Лаврушин, закрыв глаза, играл. Пальцы его существовали сами по себе.
Трудно сказать, понравилась бы эта музыка стороннему слушателю. Вряд ли. Единственный слушатель — Степан корчился от боли на полу. Он изо всех сил прижимал ладони к ушам, однако не мог заглушить звук, который продирал насквозь, бензопилой вгрызался в тело.
Но всё-таки музыка была прекрасна. Хотя и создана не для того, чтобы нравится кому-то, а для того, чтобы ломать пространство-время.
Пальцы бегали по клавишам всё быстрее и быстрее — в нечеловеческом темпе.
Музыка звучала всё громче. Она металась под сводами. Она рвалась наружу, из «готического» зала.

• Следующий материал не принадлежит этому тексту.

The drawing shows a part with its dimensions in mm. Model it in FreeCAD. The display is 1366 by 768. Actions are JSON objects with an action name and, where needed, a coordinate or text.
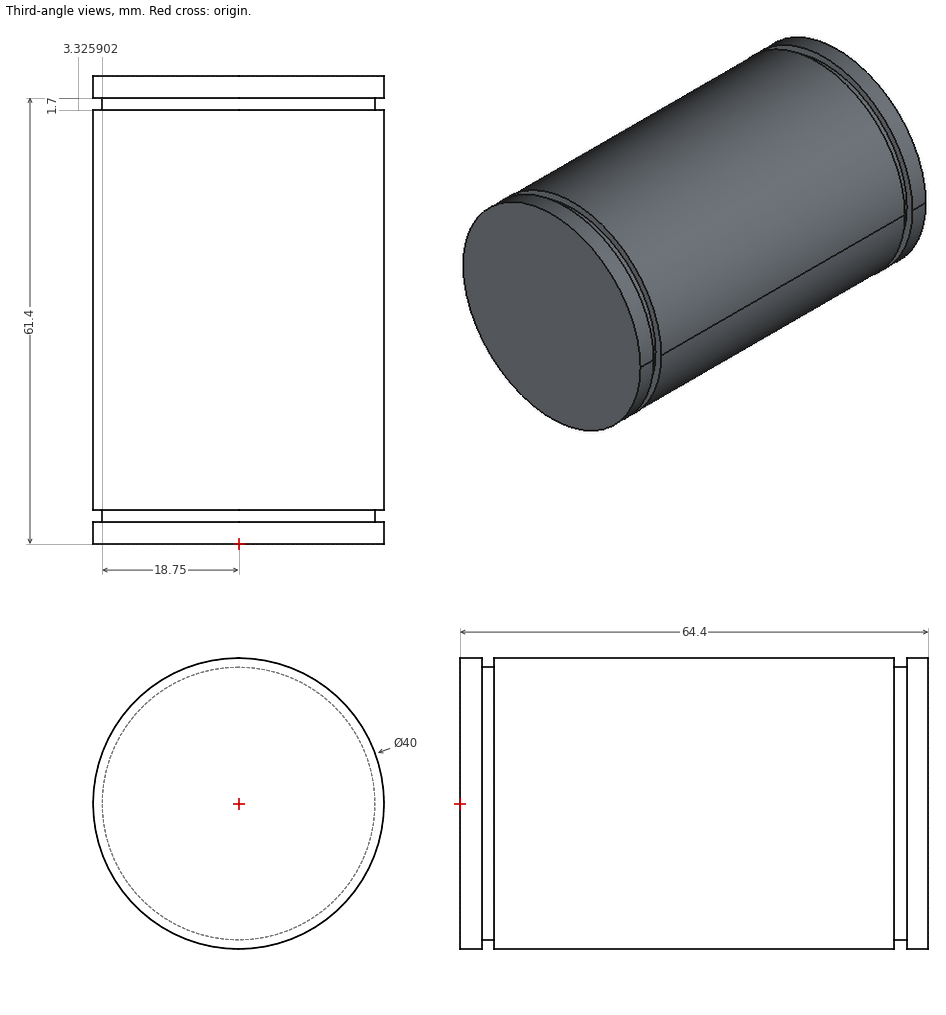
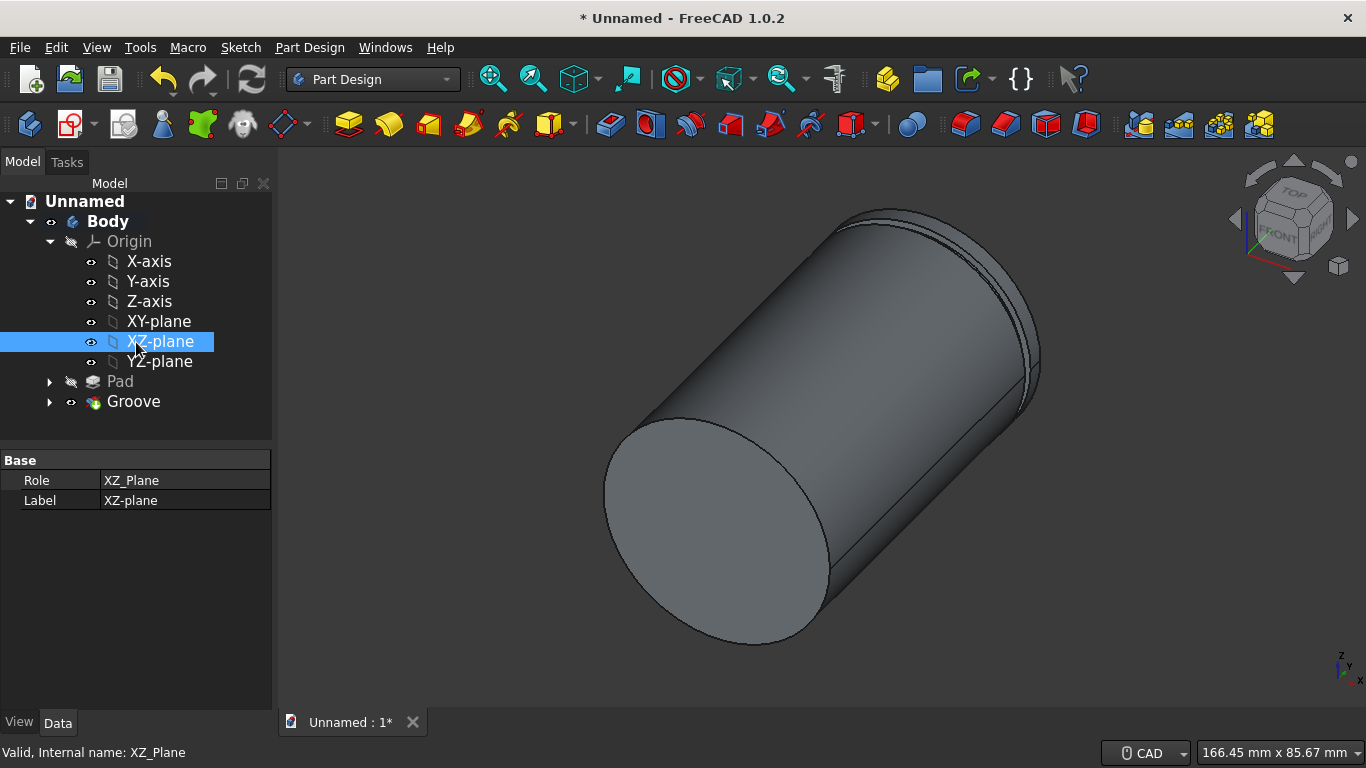
{"action": "left_click", "coordinate": [284, 124]}

И она вырвалась из плена. И устремилась на свободу.
На миг битва замерла. Все застыли, будто само время остановило свой бег.
А потом из недр замка вырвалась очистительная тёплая волна. Нечисть падала, билась в корчах, расползалась, тщетно ища укрытия в щелях и ямах.
Над Цитаделью плыл звон. Невиданная сила кружилась, взламывала боевые порядки ледяного воинства, сдвигала и опрокидывала танки и орудия, рвала на части тела. Клюнул носом и зарылся в землю Старый Корабль из Преисподней. Рухнули зомби, распадаясь на части, и на их лицах было счастье — их души освобождались из плена.
Закрутилась на месте машина-паук ванхватов, её орудия беспорядочно заработали, кося своих. Застрелился щтурмбанфюрер СС, не выдержав обрушившейся на него мелодии. Вонзил себе в руку клыки Большой Вампир, и упал, понимая, что сейчас его душа рухнет вниз.
— Закрывается! — закричал оставшийся на командном пункте полковник третьей мировой, глядя на экран, где было увеличенное изображение со спутника.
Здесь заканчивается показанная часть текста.